■ The problem: Please output exactly the part of the records below that opens with the line containing "Total: 6 + 2 = 8" and closes with the line containing "Answer: Celebrity C, 12", both lines included, and nothing else.

■ Records shown:
----
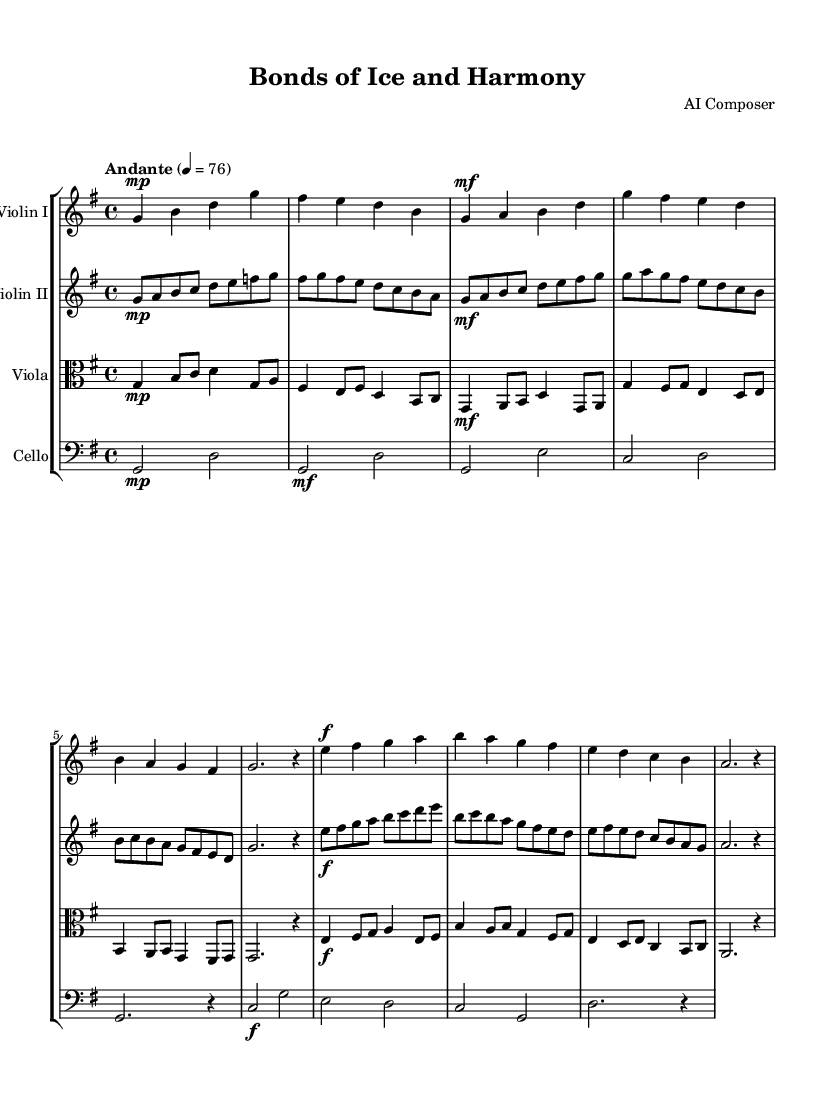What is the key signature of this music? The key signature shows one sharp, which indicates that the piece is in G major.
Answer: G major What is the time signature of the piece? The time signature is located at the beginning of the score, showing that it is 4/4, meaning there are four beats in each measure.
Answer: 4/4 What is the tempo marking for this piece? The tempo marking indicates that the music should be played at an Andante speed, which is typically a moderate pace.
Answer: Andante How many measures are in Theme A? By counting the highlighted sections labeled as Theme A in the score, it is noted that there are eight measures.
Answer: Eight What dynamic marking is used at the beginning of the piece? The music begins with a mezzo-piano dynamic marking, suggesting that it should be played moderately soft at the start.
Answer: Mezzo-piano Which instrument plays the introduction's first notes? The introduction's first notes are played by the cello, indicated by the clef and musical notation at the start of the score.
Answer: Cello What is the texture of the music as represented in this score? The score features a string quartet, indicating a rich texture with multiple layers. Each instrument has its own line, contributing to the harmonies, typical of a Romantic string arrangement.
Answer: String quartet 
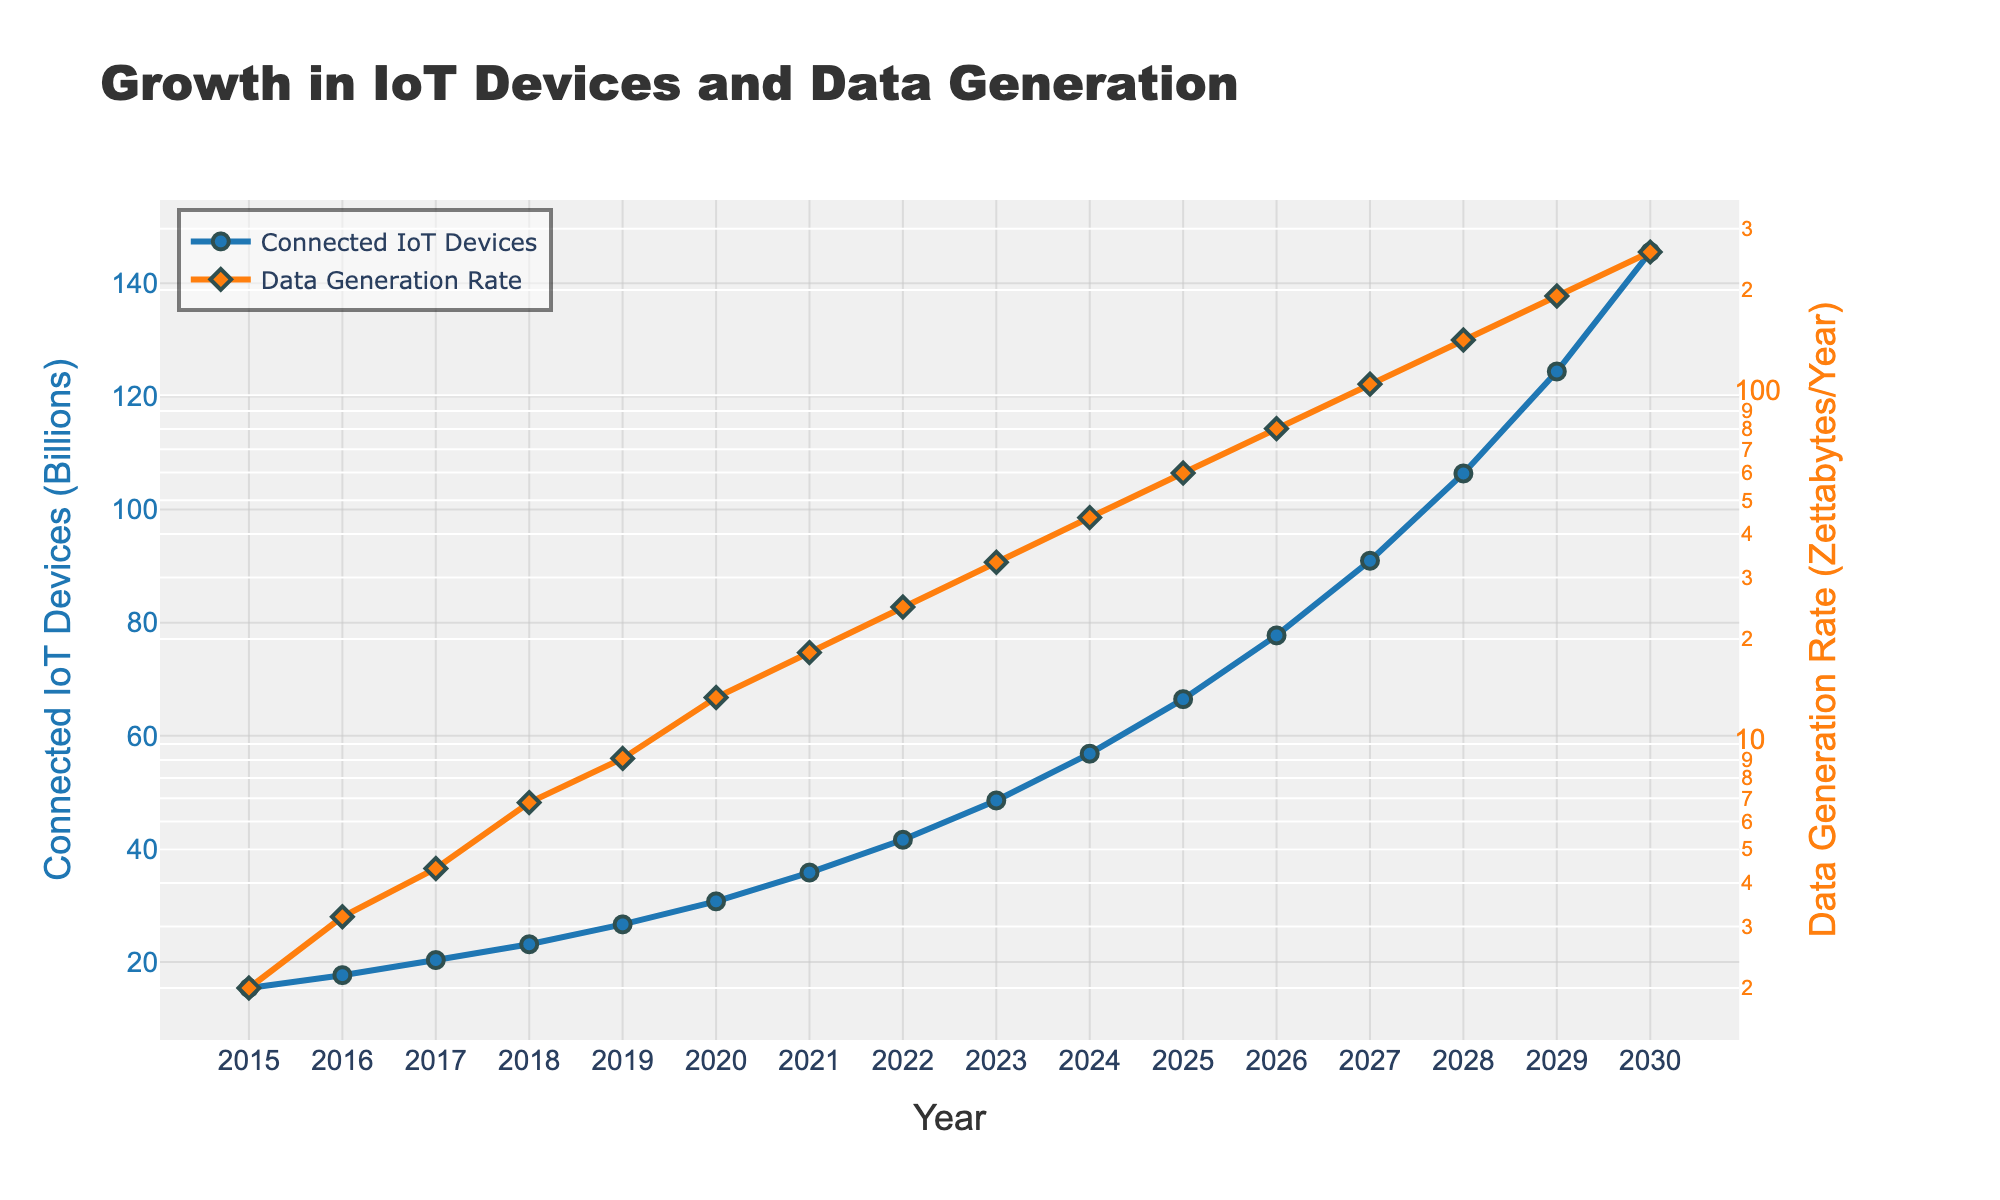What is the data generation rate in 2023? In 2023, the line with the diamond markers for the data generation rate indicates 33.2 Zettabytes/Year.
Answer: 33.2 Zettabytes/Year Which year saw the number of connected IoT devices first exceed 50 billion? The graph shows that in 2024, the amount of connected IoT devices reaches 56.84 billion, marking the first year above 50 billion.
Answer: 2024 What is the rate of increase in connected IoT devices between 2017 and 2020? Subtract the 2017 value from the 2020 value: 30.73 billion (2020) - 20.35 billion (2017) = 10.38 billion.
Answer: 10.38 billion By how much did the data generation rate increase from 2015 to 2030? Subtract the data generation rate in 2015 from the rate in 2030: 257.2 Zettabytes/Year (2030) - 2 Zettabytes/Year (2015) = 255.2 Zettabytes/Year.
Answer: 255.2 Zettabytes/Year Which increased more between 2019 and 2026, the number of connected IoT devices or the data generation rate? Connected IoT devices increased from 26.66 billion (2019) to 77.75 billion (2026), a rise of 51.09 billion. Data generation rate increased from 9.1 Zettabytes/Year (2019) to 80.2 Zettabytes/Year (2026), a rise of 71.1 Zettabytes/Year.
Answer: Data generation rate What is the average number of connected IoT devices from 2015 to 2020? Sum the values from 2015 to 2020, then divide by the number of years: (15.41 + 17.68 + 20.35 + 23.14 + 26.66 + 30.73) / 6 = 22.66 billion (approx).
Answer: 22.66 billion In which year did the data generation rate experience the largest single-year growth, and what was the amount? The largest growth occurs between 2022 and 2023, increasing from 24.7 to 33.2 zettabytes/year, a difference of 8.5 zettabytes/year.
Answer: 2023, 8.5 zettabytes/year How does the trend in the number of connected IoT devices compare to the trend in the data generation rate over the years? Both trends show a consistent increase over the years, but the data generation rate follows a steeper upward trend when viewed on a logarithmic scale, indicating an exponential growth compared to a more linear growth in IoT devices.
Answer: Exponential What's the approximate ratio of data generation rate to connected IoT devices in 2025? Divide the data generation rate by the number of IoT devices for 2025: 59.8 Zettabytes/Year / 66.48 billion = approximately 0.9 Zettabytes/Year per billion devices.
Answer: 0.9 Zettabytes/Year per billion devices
----
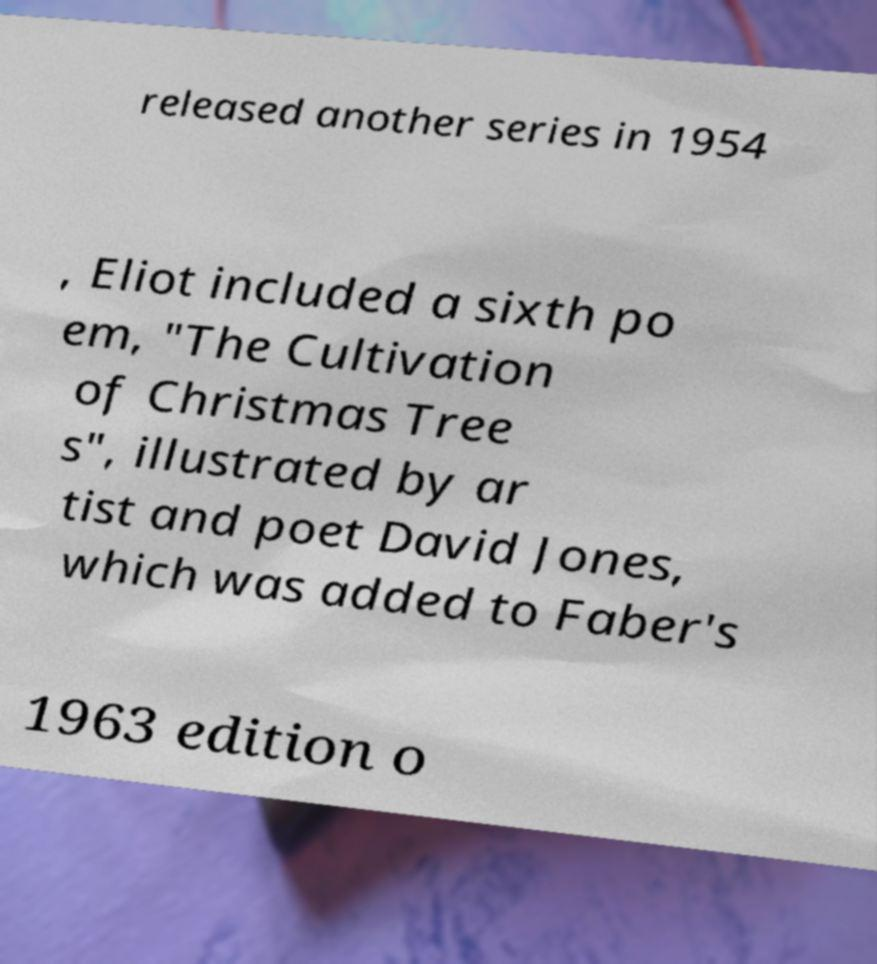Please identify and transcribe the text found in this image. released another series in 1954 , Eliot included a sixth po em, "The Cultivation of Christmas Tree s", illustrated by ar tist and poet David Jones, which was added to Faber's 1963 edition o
----
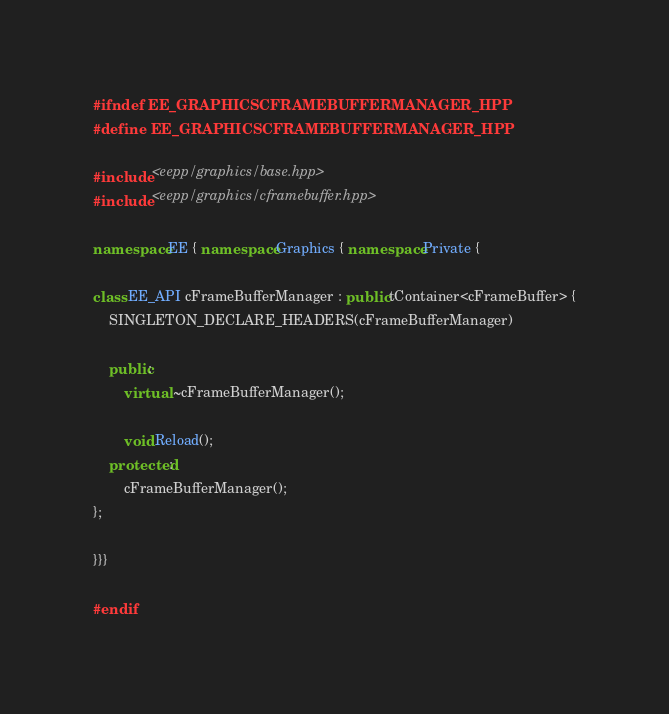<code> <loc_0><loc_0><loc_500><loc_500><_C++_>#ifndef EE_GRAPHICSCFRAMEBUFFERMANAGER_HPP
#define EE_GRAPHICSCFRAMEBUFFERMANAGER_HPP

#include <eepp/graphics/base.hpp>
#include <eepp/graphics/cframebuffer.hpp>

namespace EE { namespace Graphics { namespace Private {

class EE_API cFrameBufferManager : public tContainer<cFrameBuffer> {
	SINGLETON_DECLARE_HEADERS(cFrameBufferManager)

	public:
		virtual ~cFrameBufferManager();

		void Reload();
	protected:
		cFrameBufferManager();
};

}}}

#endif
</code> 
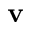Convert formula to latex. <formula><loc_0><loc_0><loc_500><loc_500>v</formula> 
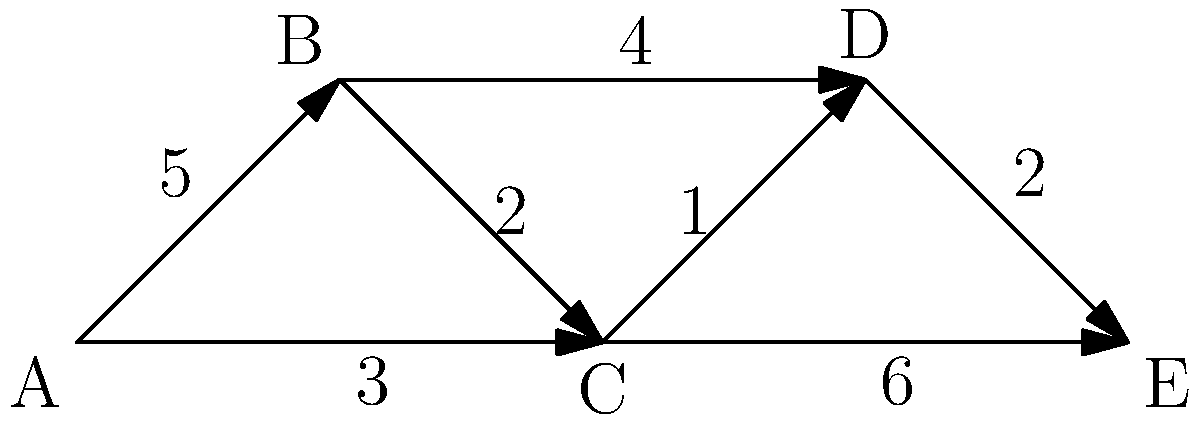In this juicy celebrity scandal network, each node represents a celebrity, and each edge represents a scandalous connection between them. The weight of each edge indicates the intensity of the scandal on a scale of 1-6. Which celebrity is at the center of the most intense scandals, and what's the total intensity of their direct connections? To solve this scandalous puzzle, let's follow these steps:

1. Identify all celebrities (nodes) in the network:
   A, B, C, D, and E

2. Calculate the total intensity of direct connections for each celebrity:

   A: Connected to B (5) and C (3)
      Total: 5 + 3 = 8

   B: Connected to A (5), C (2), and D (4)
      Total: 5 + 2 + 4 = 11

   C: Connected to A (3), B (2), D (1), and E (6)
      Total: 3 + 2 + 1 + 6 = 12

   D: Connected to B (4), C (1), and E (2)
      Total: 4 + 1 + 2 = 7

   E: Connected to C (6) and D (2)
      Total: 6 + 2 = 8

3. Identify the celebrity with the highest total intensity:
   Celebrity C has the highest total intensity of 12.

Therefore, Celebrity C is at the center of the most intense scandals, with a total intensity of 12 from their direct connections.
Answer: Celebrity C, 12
----
■ Reply:
      Total: 6 + 2 = 8

3. Identify the celebrity with the highest total intensity:
   Celebrity C has the highest total intensity of 12.

Therefore, Celebrity C is at the center of the most intense scandals, with a total intensity of 12 from their direct connections.
Answer: Celebrity C, 12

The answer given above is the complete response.